We currently use SNAPSHOT modifier in development so that project dependencies are linked to the most current build of its dependencies. So when we build a project we get all the jars with various time SNAPSHOTS. Regardless of a code change.

This proves to be an issue when the end user wants to download a new release. For example there is a big jar file that is rarely updated. We would like for that particular jar file to be referred to as it version number 1.4 as supposed to 1.4-SNAPSHOT when we release it to the customer meaning they only download new version when we make changes to the version number as supposed to when we last built it with or without changes.

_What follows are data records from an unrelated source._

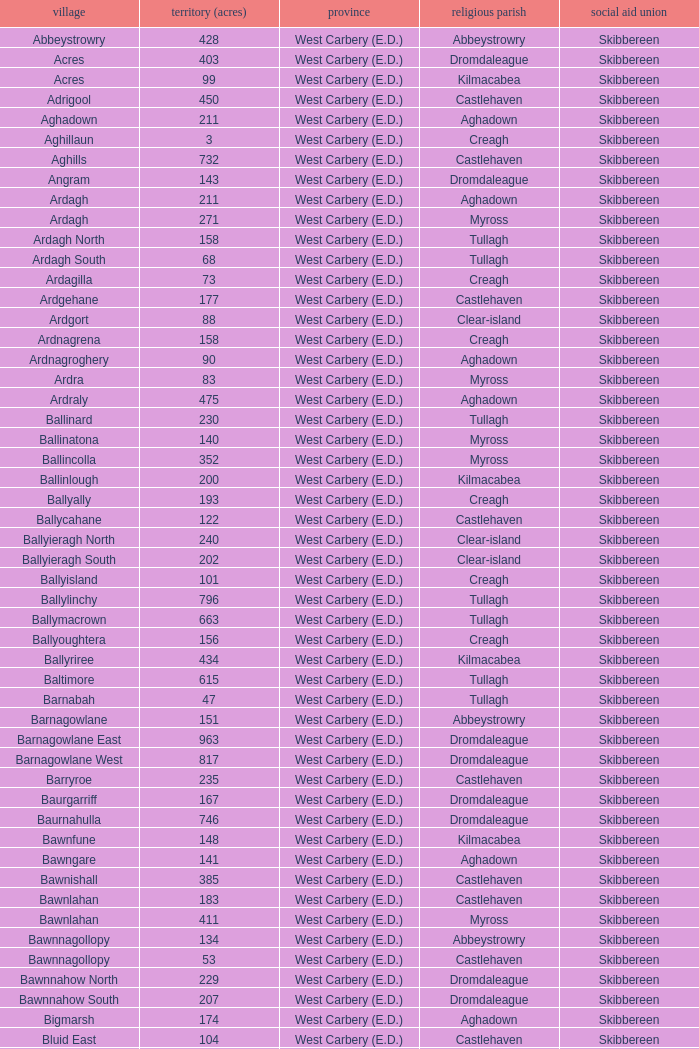What are the civil parishes of the Loughmarsh townland? Aghadown. 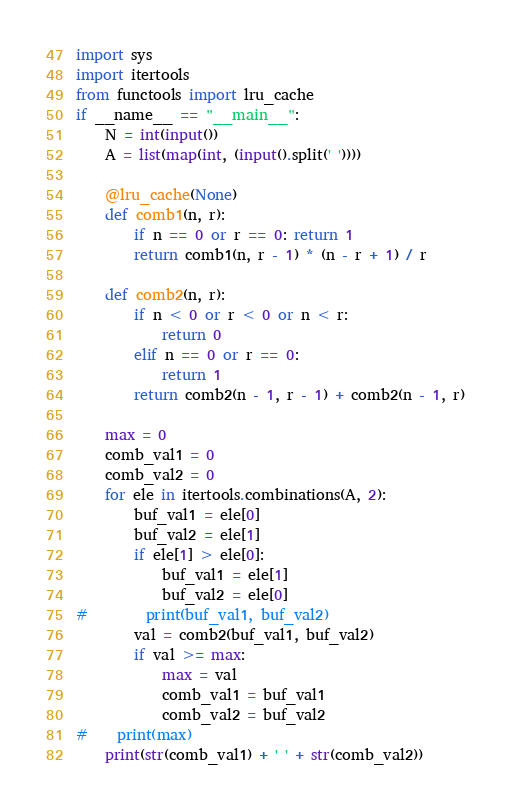<code> <loc_0><loc_0><loc_500><loc_500><_Python_>import sys
import itertools
from functools import lru_cache
if __name__ == "__main__":
    N = int(input())
    A = list(map(int, (input().split(' '))))

    @lru_cache(None)
    def comb1(n, r):
        if n == 0 or r == 0: return 1
        return comb1(n, r - 1) * (n - r + 1) / r

    def comb2(n, r):
        if n < 0 or r < 0 or n < r:
            return 0
        elif n == 0 or r == 0:
            return 1
        return comb2(n - 1, r - 1) + comb2(n - 1, r)

    max = 0
    comb_val1 = 0
    comb_val2 = 0
    for ele in itertools.combinations(A, 2):
        buf_val1 = ele[0]
        buf_val2 = ele[1]
        if ele[1] > ele[0]:
            buf_val1 = ele[1]
            buf_val2 = ele[0]
#        print(buf_val1, buf_val2)
        val = comb2(buf_val1, buf_val2)
        if val >= max:
            max = val
            comb_val1 = buf_val1
            comb_val2 = buf_val2
#    print(max)
    print(str(comb_val1) + ' ' + str(comb_val2))</code> 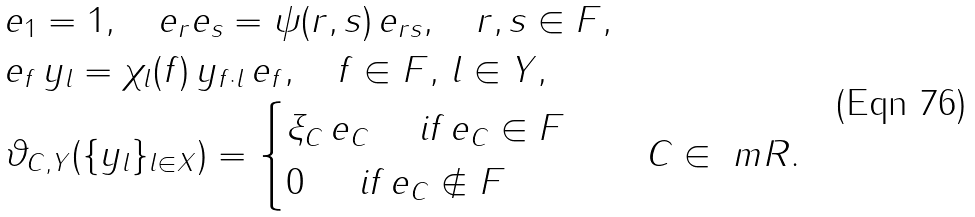Convert formula to latex. <formula><loc_0><loc_0><loc_500><loc_500>& e _ { 1 } = 1 , \quad e _ { r } e _ { s } = \psi ( r , s ) \, e _ { r s } , \quad r , s \in F , \\ & e _ { f } \, y _ { l } = \chi _ { l } ( f ) \, y _ { f \cdot l } \, e _ { f } , \quad f \in F , \, l \in Y , \\ & \vartheta _ { C , Y } ( \{ y _ { l } \} _ { l \in X } ) = \begin{cases} \xi _ { C } \, e _ { C } \quad \text { if } e _ { C } \in F \\ 0 \quad \, \text { if } e _ { C } \notin F \end{cases} \quad C \in \ m R .</formula> 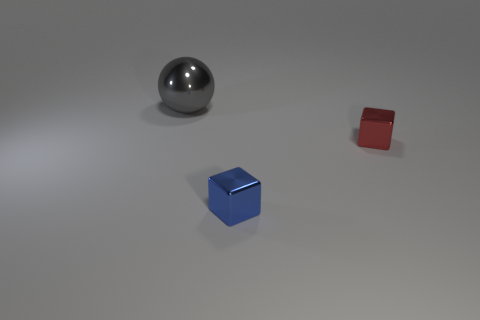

What is the best way to achieve this? Am I missing something?

Please and thank you.

Was it helpful?

Solution

This proves to be an issue when the end user wants to download a new release.

First of all, releases should indeed use fixed versions. So if you're developing version 1.4-SNAPSHOT, the release version is supposed to be 1.4 (and you tag it as such in your VCS). And then you bump the new development version to 1.5-SNAPSHOT in the dev branch.

For example there is a big jar file that is rarely updated. We would like for that particular jar file to be referred to as it version number 1.4 (...)

But even if you follow the above "standard" process, nothing forces you to bump all versions after a release and you could just stick to a given fixed version of a particular artifact. This would remove the problem.

OTHER TIPS

In my opinion a way to a user is a kind of delivery and should be handled by using the maven release process (mvn release) which automatically increments the version numbers. Than you have an exact relationship to your version control and what user has got. SNAPSHOT's should only be used in development.